Buglyst
Start Debugging

LEARN · DEBUGGING GUIDE

Docker Build Cache Invalidation: Why Your Builds Are Slow

If your Docker builds are slow, cache invalidation is the usual suspect. This guide walks through the exact commands and patterns to identify and fix cache misses.

IntermediateDocker7 min read

What this usually means

Docker builds are slow because the layer cache is being invalidated prematurely. Each Dockerfile instruction creates a layer. If any instruction before a heavy operation (like apt-get install) changes, all subsequent layers must be rebuilt from scratch. The most common culprit is a COPY . . early in the Dockerfile that changes every build, forcing every later step to re-execute.
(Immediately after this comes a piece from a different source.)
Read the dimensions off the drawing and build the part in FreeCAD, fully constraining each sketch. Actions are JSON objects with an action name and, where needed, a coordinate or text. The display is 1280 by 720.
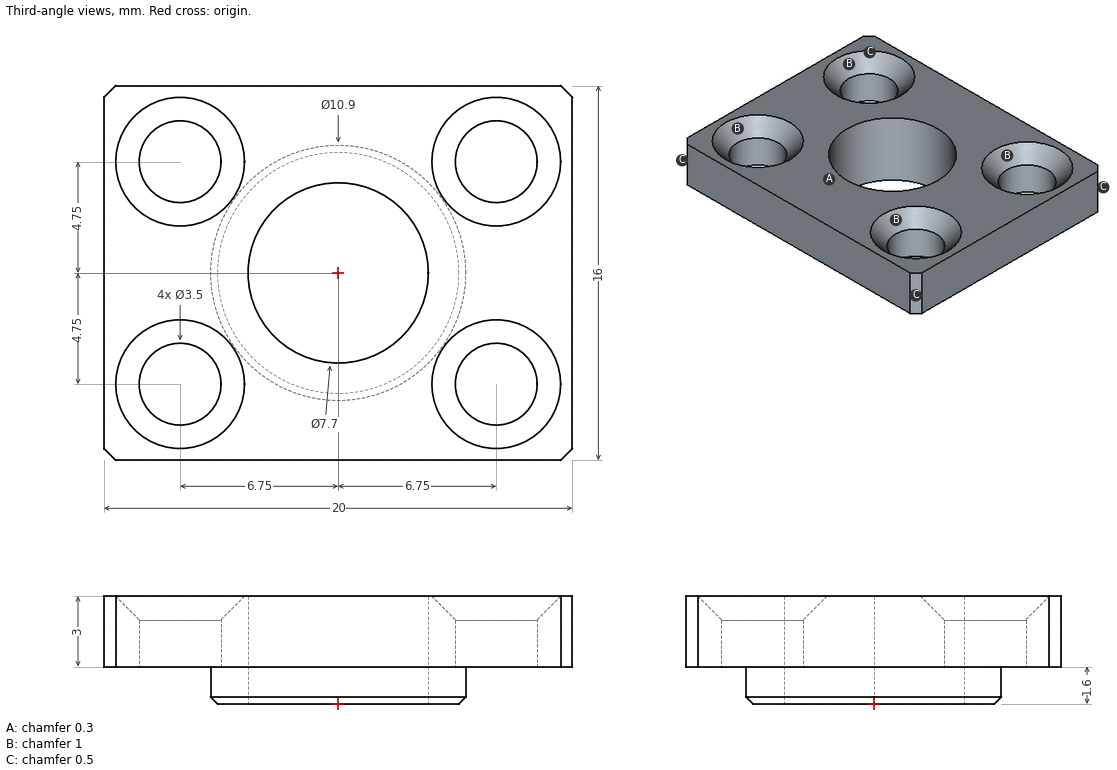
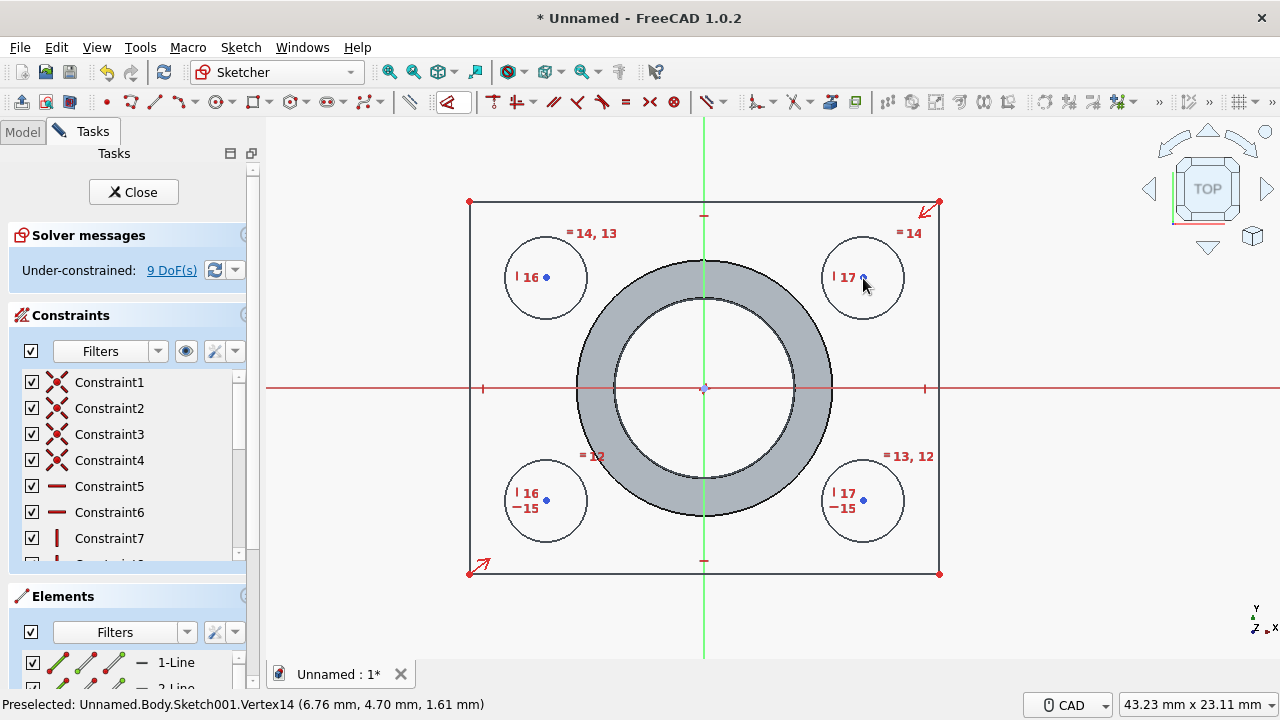
{"action": "left_click", "coordinate": [575, 472]}

Another cause is inconsistent build context or build args that differ between runs, causing cache misses on ARG or ENV instructions. Also, package managers like apt update daily but if your cache is invalidated, it re-downloads everything. The key is to structure your Dockerfile so that infrequently changed layers come first.

( 01 )Fast diagnosis

The first ten minutes — establish facts before touching code.

  • 1Run docker build with --no-cache=false (default) and note which steps show 'Using cache' vs 'Step X/Y' without cache. Compare to a fresh build with --no-cache.
  • 2Inspect the Dockerfile order: list all COPY and ADD instructions. Check if COPY . . appears before RUN apt-get update. If so, that's your bug.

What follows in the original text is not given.